Mientras el animal bebía, aproveché para llenar mi cantimplora. Sujeté sus riendas con movimientos suaves y logré montarlo. Apenas se alteró. Cuando estuvimos listos, iniciamos la marcha. Al trote, para no cansar al caballo, llegamos a la cuesta del sur. La pendiente era menos pronunciada aún de lo que me había parecido desde lejos y hasta había un camino semidefinido. Subimos sin dificultad.

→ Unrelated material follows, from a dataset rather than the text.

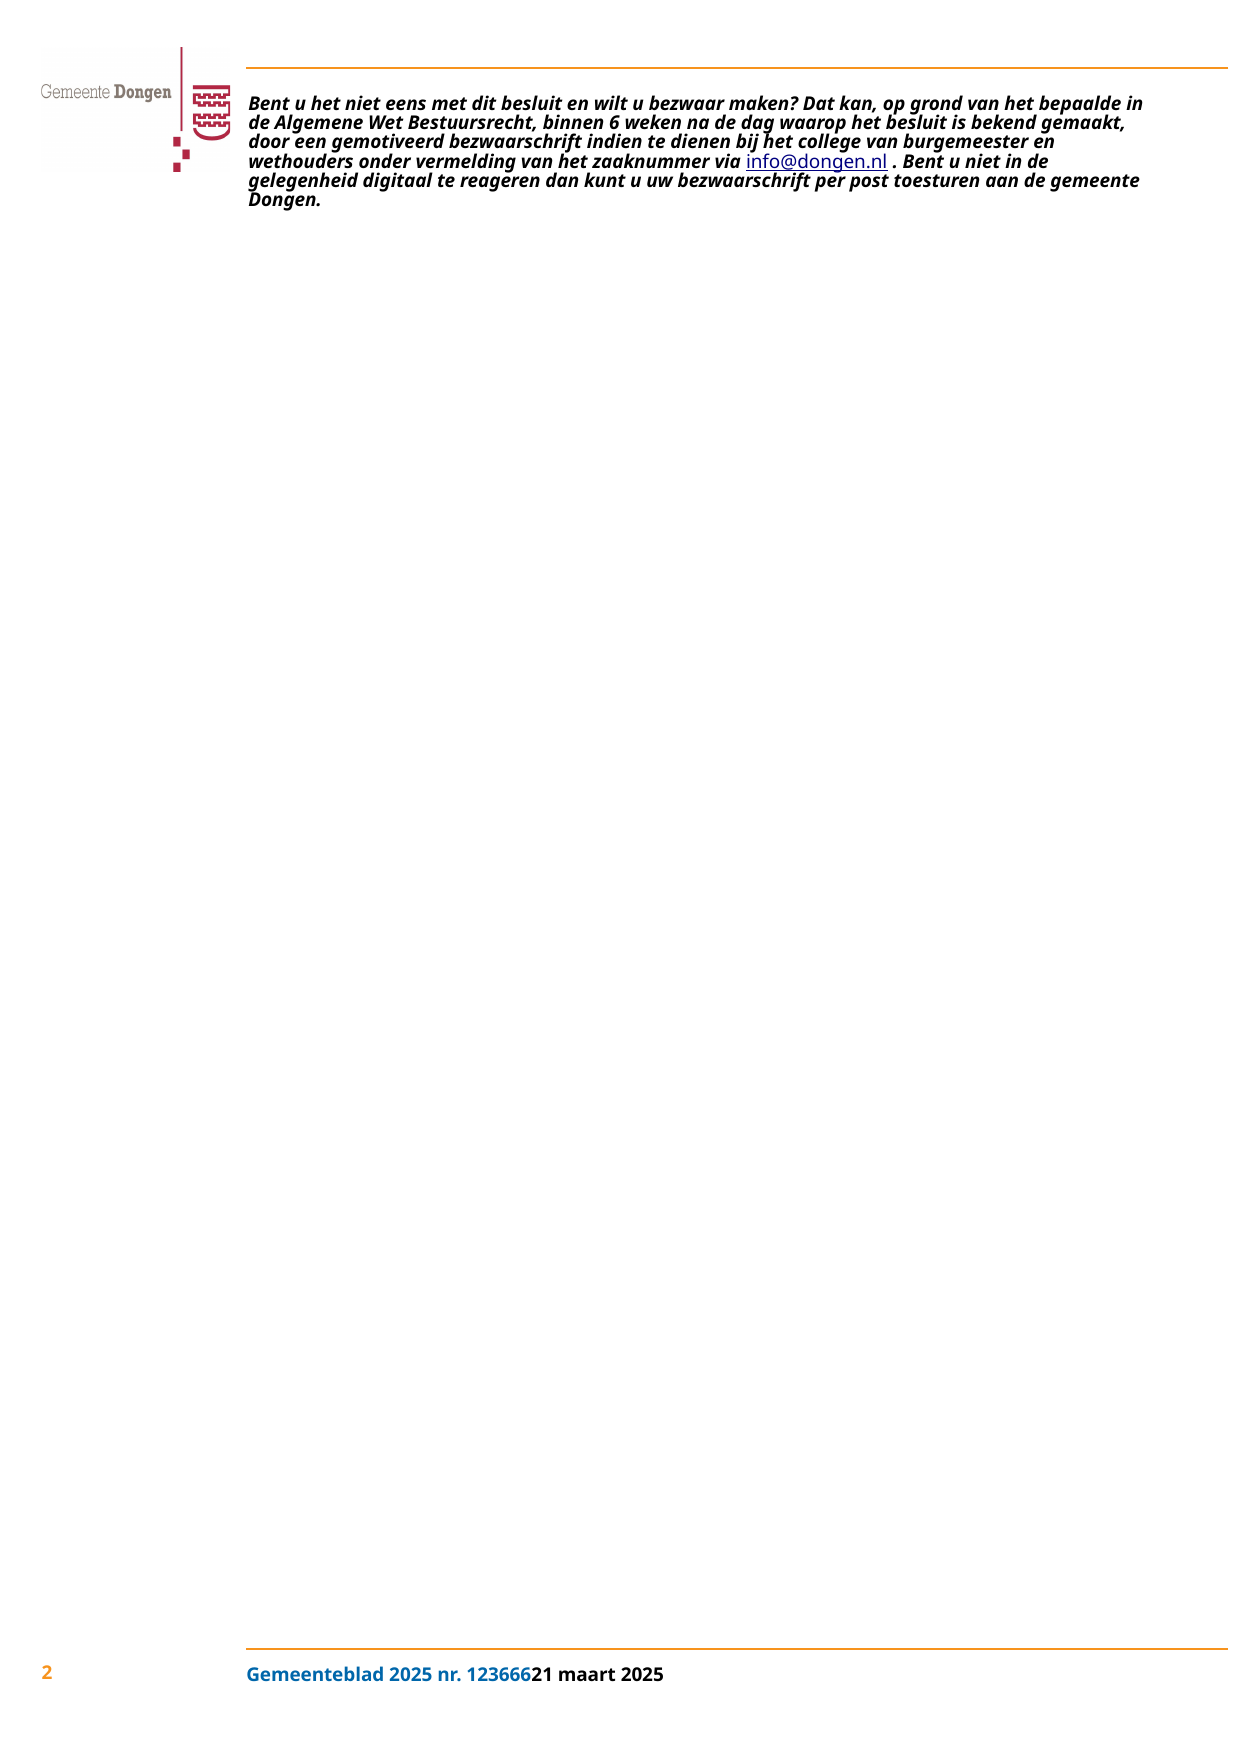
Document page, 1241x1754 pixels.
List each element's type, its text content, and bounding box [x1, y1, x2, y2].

Una vez en la llanura, aflojé las riendas y el caballo comenzó a trotar por su cuenta. Confié en su instinto. Si bien el cielo no se había despejado, logré ver los destellos de la puesta de Sol. Hacia allí nos dirigíamos. Poco a poco fui recobrando el sentido de la orientación y tomé nuevamente las riendas. Había comenzado a oscurecer y se veía una luz bien definida en el horizonte.

Ya se había hecho de noche cuando llegamos a Puerto Sinus Meridiani.

Bajé del caballo y entré a la oficina de información turística. La chica que me atendió se sorprendió por mi aspecto.

—¡Señor!... ¿De dónde viene en ese estado?

—Estuve perdido en el desierto... Me llamo Walter Meré. Sargento Walter Meré de la Base Militar Eos Chasma. Mi helicóptero se derrumbó, no sé bien dónde... Creo que necesito un médico...

Apenas podía tenerme en pie. La tensión acumulada en esos cuatro soles pareció liberarse de golpe, haciéndome presa de un cansancio incontrolable. La muchacha llamó a enfermería. No tardaron en venir a buscarme.

—Quédese tranquilo, señor —dijo un enfermero mientras me sujetaba del brazo para impedirme caer—. ¿Cuánto tiempo ha estado en el desierto? ¿Cómo ha llegado hasta aquí?

Con gran esfuerzo pude mantener los ojos abiertos pero la vista se me nublaba.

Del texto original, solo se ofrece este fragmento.